** WHAT TO DO **
Go to the line holding "Camera HFOV: 64.3" in the entries below and write out exactly every line down to and including the line holding "- candy box at [268, 117, 472, 249]".

** INPUT RECORDS **
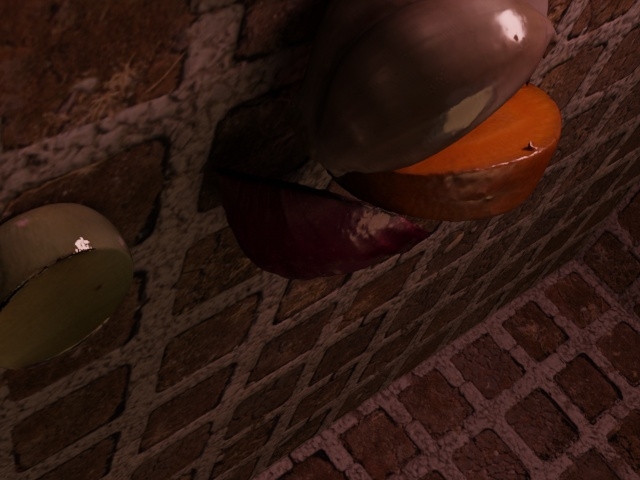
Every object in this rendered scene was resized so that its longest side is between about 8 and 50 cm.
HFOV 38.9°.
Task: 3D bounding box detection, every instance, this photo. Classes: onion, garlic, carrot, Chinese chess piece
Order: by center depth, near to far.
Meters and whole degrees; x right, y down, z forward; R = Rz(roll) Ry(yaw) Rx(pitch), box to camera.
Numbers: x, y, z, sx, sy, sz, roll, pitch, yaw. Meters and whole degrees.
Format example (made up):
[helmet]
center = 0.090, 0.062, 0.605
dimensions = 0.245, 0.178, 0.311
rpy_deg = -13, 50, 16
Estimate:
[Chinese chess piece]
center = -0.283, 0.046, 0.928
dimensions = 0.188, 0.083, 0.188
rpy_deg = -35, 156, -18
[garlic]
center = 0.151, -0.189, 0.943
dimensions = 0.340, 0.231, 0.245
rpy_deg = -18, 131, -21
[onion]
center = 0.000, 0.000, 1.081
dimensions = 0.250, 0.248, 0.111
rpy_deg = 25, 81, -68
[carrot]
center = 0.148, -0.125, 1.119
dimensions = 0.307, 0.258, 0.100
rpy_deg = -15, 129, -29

--

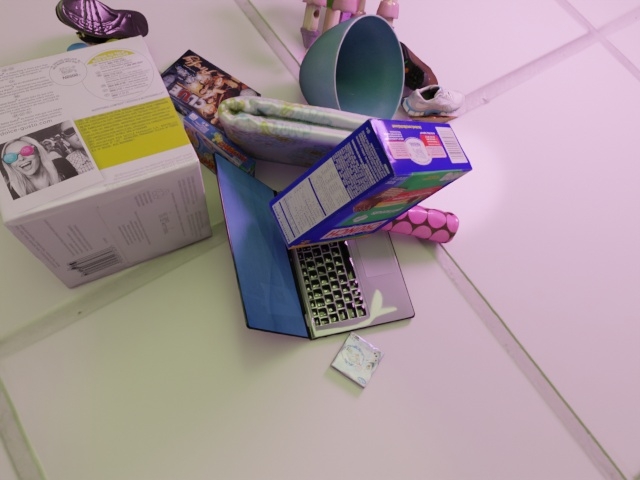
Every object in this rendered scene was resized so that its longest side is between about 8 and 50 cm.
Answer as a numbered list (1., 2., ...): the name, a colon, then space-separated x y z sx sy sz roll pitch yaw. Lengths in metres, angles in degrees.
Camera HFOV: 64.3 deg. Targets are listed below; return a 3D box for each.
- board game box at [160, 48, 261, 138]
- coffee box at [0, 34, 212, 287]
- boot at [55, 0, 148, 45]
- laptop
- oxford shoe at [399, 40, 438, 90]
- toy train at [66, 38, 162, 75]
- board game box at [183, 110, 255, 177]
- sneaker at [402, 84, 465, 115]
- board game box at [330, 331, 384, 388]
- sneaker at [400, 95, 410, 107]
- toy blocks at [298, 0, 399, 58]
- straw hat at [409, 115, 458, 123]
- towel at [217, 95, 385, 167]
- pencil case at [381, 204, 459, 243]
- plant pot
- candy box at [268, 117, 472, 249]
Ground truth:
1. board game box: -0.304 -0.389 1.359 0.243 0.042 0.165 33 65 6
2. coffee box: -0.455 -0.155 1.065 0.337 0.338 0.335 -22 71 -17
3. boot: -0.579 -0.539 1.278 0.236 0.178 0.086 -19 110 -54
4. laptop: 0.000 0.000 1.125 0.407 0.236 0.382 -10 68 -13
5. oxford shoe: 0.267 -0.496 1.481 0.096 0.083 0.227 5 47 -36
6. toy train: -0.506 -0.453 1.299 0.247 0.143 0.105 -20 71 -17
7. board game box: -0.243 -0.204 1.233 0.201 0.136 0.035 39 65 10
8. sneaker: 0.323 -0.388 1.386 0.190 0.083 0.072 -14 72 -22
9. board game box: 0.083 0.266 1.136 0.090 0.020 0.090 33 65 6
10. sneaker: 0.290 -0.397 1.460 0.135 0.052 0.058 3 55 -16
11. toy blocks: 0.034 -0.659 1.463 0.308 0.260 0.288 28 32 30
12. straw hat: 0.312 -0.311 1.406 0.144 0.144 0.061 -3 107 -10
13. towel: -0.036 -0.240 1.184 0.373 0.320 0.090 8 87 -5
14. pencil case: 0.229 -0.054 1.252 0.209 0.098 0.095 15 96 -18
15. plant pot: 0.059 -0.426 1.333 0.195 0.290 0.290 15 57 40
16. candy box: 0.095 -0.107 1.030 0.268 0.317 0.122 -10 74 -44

...

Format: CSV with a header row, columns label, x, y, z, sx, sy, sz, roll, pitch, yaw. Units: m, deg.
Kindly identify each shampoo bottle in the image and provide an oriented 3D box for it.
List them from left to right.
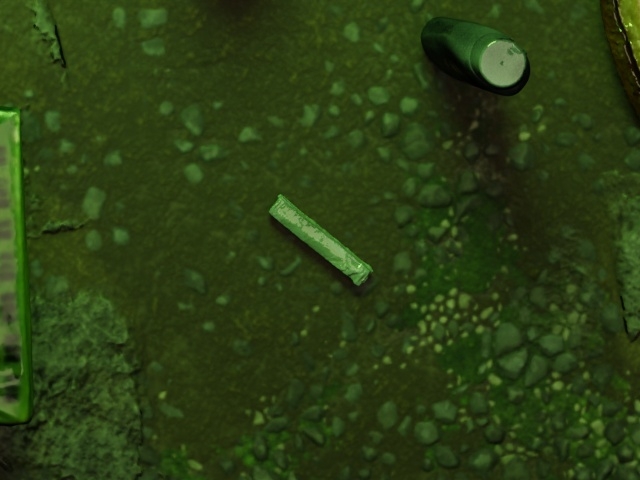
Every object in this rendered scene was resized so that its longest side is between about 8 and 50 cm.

** EXERCISE ANSWER **
Camera HFOV: 64.3 deg. Targets are listed below; return a 3D box for each.
- board game box at [160, 48, 261, 138]
- coffee box at [0, 34, 212, 287]
- boot at [55, 0, 148, 45]
- laptop
- oxford shoe at [399, 40, 438, 90]
- toy train at [66, 38, 162, 75]
- board game box at [183, 110, 255, 177]
- sneaker at [402, 84, 465, 115]
- board game box at [330, 331, 384, 388]
- sneaker at [400, 95, 410, 107]
- toy blocks at [298, 0, 399, 58]
- straw hat at [409, 115, 458, 123]
- towel at [217, 95, 385, 167]
- pencil case at [381, 204, 459, 243]
- plant pot
- candy box at [268, 117, 472, 249]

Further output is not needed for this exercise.